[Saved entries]
- Opening Delimiter -

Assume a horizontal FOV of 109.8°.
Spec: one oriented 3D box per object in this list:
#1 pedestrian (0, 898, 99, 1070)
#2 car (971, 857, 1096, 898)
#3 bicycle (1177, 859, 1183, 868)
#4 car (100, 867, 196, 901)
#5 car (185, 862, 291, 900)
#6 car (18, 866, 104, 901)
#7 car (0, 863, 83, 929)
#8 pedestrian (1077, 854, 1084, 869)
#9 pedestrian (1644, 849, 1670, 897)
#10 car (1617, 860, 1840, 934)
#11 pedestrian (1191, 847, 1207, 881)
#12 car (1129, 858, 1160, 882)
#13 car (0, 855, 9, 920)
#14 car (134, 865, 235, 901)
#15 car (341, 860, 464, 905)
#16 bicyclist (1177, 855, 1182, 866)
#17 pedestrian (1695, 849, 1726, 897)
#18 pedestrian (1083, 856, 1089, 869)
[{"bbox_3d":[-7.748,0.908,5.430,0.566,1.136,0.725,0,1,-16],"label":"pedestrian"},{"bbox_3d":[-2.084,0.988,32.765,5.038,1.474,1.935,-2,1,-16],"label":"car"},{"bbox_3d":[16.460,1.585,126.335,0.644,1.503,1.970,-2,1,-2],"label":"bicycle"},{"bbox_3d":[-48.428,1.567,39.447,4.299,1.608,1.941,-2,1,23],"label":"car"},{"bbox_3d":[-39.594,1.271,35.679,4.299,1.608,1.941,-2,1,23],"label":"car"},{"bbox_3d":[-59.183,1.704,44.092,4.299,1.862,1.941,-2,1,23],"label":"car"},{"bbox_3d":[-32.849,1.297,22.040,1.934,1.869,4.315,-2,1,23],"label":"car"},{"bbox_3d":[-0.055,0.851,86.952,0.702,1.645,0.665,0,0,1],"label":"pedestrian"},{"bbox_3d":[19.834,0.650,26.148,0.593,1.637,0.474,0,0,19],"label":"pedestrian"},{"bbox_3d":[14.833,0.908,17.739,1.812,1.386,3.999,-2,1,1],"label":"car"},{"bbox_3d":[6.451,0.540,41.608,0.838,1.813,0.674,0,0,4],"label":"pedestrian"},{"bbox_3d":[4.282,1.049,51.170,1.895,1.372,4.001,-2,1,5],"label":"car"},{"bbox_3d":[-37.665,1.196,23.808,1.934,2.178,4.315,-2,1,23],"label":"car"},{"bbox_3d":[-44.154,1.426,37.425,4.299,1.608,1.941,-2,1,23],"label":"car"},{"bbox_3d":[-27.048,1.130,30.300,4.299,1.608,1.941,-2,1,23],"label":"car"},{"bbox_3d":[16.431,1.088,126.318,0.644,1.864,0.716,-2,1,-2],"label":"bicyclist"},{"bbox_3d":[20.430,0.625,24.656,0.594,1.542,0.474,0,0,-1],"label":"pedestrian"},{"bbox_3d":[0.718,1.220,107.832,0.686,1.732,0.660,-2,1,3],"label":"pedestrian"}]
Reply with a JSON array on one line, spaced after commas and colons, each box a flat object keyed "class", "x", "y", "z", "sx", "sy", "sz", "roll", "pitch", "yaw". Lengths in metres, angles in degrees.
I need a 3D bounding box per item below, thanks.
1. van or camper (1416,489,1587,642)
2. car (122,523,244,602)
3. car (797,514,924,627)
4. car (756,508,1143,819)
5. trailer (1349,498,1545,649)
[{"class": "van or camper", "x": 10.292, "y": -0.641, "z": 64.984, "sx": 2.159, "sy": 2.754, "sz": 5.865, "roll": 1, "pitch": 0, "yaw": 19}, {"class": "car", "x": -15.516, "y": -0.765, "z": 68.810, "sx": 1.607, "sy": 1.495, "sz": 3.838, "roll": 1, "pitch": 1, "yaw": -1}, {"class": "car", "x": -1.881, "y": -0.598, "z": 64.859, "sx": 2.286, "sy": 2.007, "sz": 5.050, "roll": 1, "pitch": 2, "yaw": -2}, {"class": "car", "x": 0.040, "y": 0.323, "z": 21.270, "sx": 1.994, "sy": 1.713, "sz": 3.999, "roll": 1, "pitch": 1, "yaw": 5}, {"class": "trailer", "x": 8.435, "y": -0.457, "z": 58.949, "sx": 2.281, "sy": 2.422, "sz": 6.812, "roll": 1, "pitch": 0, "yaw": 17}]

- Closing Delimiter -

#### [WORK ORDER]
The answer must be every line from the records above that contains "object".

#### [WRITTEN SOLUTION]
Spec: one oriented 3D box per object in this list:
Reply with a JSON array on one line, spaced after commas and colons, each box a flat object keyed "class", "x", "y", "z", "sx", "sy", "sz", "roll", "pitch", "yaw". Lengths in metres, angles in degrees.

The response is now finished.